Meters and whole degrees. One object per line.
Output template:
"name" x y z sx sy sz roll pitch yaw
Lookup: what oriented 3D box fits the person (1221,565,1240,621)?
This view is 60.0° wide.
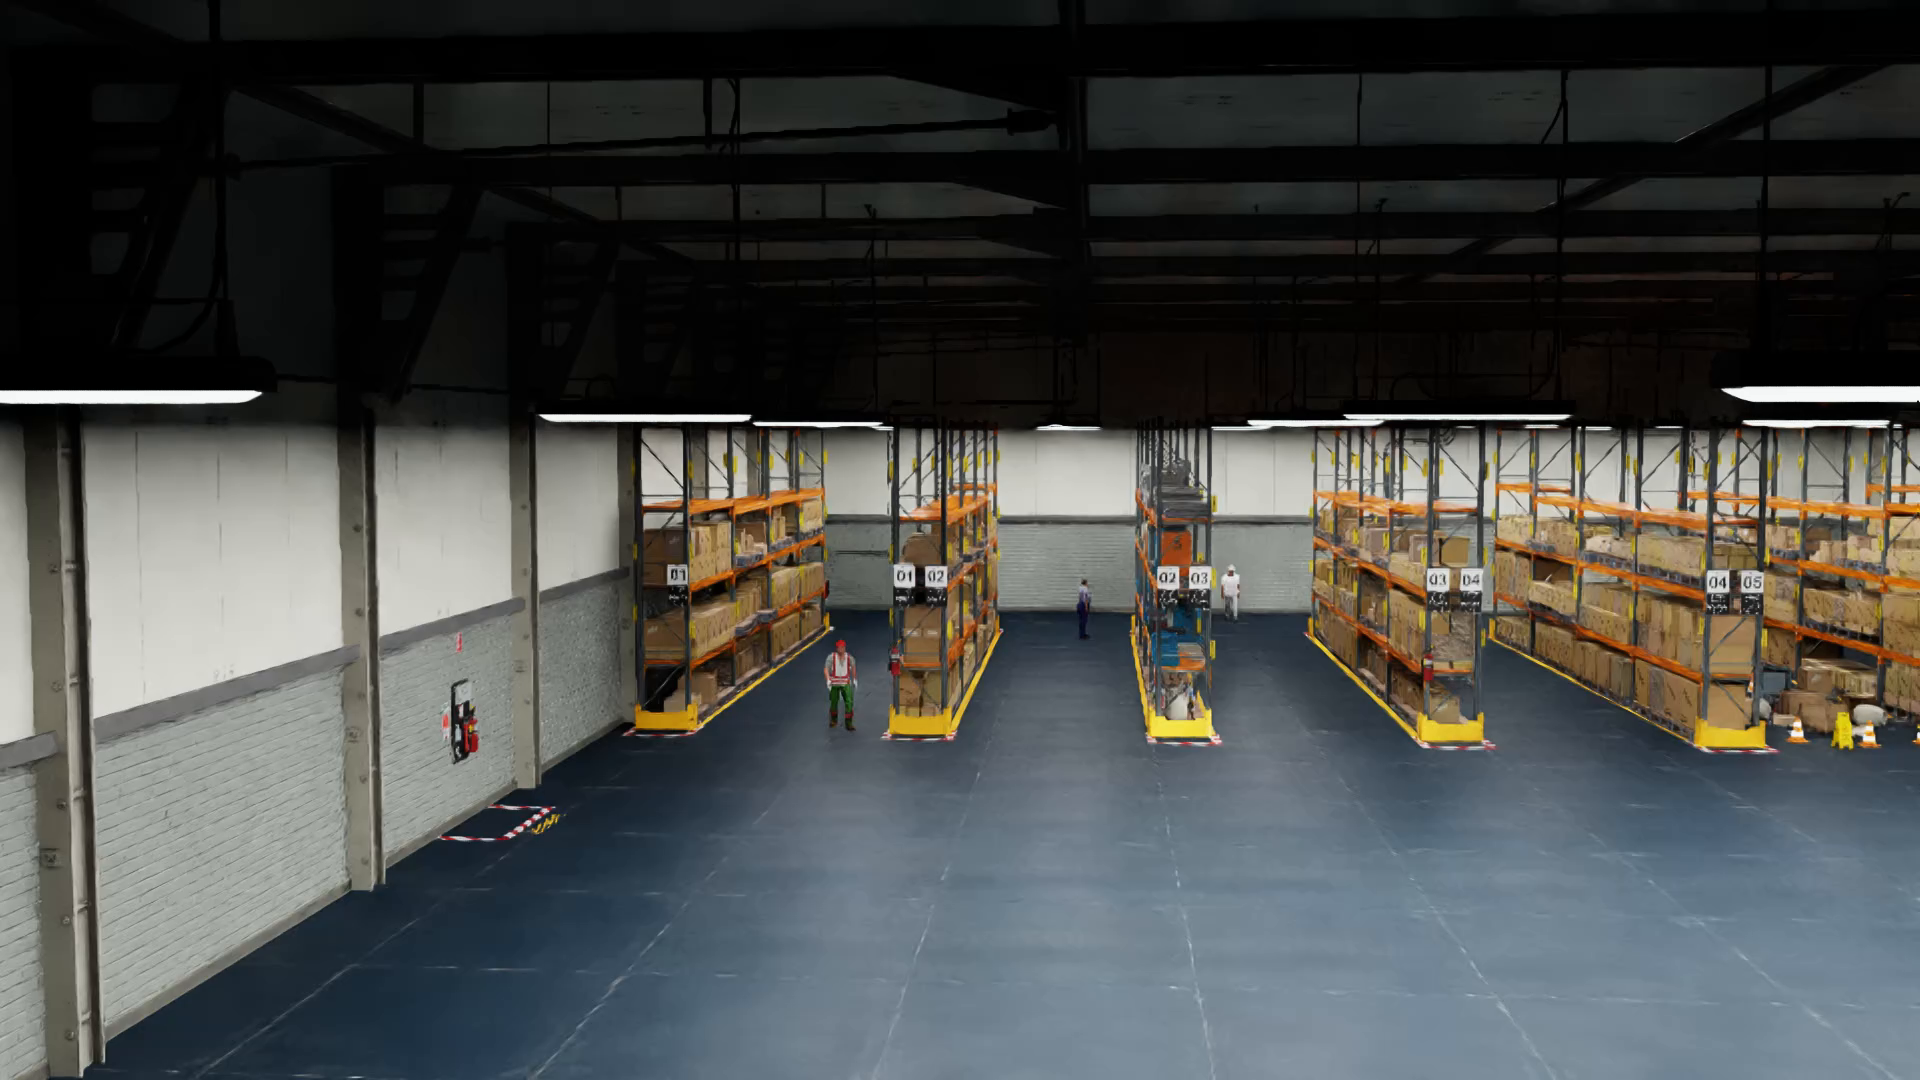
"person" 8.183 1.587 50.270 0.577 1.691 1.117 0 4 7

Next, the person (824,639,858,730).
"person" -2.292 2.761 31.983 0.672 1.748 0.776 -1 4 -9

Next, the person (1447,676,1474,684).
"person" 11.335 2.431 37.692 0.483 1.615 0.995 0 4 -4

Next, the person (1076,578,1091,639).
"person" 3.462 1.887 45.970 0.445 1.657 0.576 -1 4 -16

^^^^^^^^^^^^^^^^

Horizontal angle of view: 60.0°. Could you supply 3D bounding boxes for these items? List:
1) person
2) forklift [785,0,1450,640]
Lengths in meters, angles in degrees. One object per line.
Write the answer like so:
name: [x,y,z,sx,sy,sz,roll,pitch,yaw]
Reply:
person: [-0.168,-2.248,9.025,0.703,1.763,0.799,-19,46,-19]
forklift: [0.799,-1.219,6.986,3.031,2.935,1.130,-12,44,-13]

^^^^^^^^^^^^^^^^

Search the data for the string "name". List each line that has it.

*PROBLEM SOLUTION*:
"name" x y z sx sy sz roll pitch yaw
name: [x,y,z,sx,sy,sz,roll,pitch,yaw]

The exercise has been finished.